A very useful feature in debugging is using multiple outputs to define different files. Until now we have been using standard output to output everything, but we can also take advantage of perl's ability to switch outputs and unix's ability to capture outputs.
#!/usr/bin/perl
 
use strict;
use warnings;
 
my $foo = 5;
print "foo outside the scopes is $foo\n";
 
{
    print "foo at the beginning of the first scope is $foo\n";
 
    my $foo = 10;
    print "foo in the first scope is $foo\n";
 
    {
        print STDERR "foo at the beginning of the second scope is $foo\n";
        my $bar = 20;
        print "bar in the second scope is $bar\n";
    }
 
    print "foo at the end of the first scope is $foo\n";
 
    # will throw error! $bar doesn't exist here!
    print STDERR "bar at the end of the first scope is $bar\n";
}
print "foo outside the end of the scopes is $foo\n";
 
__END__
#  :-
#  foo outside the scopes is 5
#  foo at the beginning of the first scope is 5
#  foo in the first scope is 10
#  foo at the beginning of the second scope is 10
#  bar in the second scope is 20
#  foo at the end of the first scope is 10
#  foo outside the end of the scopes is 5
# use 2> logfile.log

Warn

You can also switch the output using warn. This can be less confusing, provided you know you want to have that print statement always go to STDERR. Warn, then, is like "print STDERR".
#!/usr/bin/perl
 
use strict;
use warnings;
 
my $foo = 5;
print "foo outside the scopes is $foo\n";
 
{
    print "foo at the beginning of the first scope is $foo\n";
 
    my $foo = 10;
    print "foo in the first scope is $foo\n";
 
    {
        warn "foo at the beginning of the second scope is $foo\n";
        my $bar = 20;
        print "bar in the second scope is $bar\n";
    }
 
    print "foo at the end of the first scope is $foo\n";
 
    # will throw error! $bar doesn't exist here!
    warn "bar at the end of the first scope is $bar\n";
}
print "foo outside the end of the scopes is $foo\n";
 
__END__
#  :-
#  foo outside the scopes is 5
#  foo at the beginning of the first scope is 5
#  foo in the first scope is 10
#  foo at the beginning of the second scope is 10
#  bar in the second scope is 20
#  foo at the end of the first scope is 10
#  foo outside the end of the scopes is 5
# use 2> logfile.log
Using warn, or print STERR, or even just print statements is very powerful. As you code, you should add print statements to check what your variables main in all scopes. I print every 2-4 lines of code I write. I print every 2-4 lines of code I write. Lenny prints every 2-4 lines of code he writes. Dan prints every 2-4 lines of code he writes. I print every 2-4 lines of code I write.

Exit


This is another concept that we've talked about, but haven't formally explained. It does what you think it does.
james-fraser:~ jamesfraser$ perl test.pl
#!/usr/bin/perl
 
use strict;
use warnings;
 
my $name = "Jaime";
 
if ($name eq "Jaime"){
    print "you got my name\n";
    exit;
}
 
print "Lenny is the best, I love him so much. Dan ain't half bad either.\n";
 
__END__


Die

Is like warn and exit.
#!/usr/bin/perl
 
use strict;
use warnings;
 
my $name = "Jaime";
 
if ($name eq "Jaime"){
    die "you got my name\n";
}
 
print "Lenny is the best, I love him so much. Dan ain't half bad either.\n";
 
__END__

Debugging


The gedit setup gives you a few tools that come in handy when programming. Perl Tidy is a little plugin that automatically formats your code in accordance with a reliable and readable standard. Perl Check is another that works like the use warnings tags, but without having to run the program.

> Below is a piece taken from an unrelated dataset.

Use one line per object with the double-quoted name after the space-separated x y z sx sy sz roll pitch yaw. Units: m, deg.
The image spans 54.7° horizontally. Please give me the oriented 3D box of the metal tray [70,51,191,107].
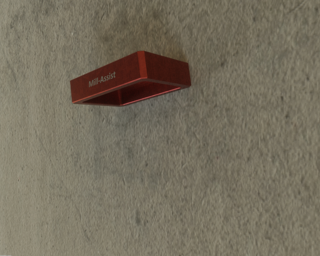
-0.039 -0.056 0.392 0.130 0.091 0.030 -12 83 39 "metal tray"

Debugging is very personal and, I think, hard to teach. It's also very difficult to get good at in a course setting like this when you have your neighbours, TAs, and instructors to talk to - Although, talking to other programmers is often an effective debugging strategy. I'm including this section as a hitlist of how to debug code effectively on your own. You can use this as a first line of defense before asking the TAs and hopefully when you begin to program on your own.

SYNTAX ERRORS

  • are your variables spelled the same way throughout your code - perl will warn for variables not initialized with "my"
Global symbol "$test" requires explicit package name at test.pl line 5.
Execution of test.pl aborted due to compilation errors.
  • do your lines end with semi-colons - perl will fail when it can't interpret things properly. This can result in many types of error messages, for example the program:
#!/usr/bin/perl
use strict;   # line 2
use warnings; # line 3
              # line 4
my $test = 0  # line 5
print "hello world\n";
returns the following error:
syntax error at test.pl line 6, near "print"
Execution of test.pl aborted due to compilation errors.
But, the error is actually on line 5. So the lesson is perl's warnings are sometimes a bit inaccurate and it's a good idea to check not only the line, but the surrounding lines as well.

LOGIC ERRORS

  • what are the values of your variables at each stage of the program? Is it incrementing properly through loops? Are lines being read properly?
    • I usually include print statements in my programming every time I add a new set of braces.
    • This means checking your variables with a print statement every time scope is potentially changed!
    • You can use STERR and capture it to a log file!
  • Make a simple test file
  • WRITE PSEUDOCODE!

So the hitlist is:
  1. start out with pseudocode
  2. spelling and declaration of variables
  3. checking the line (AND SURROUNDING LINES!) for proper semicolon usage
  4. print out your questionable variables to STDERR and capture STDERR in a log
  5. make a simple test file and validate on that!
  6. print out your questionable variables!!!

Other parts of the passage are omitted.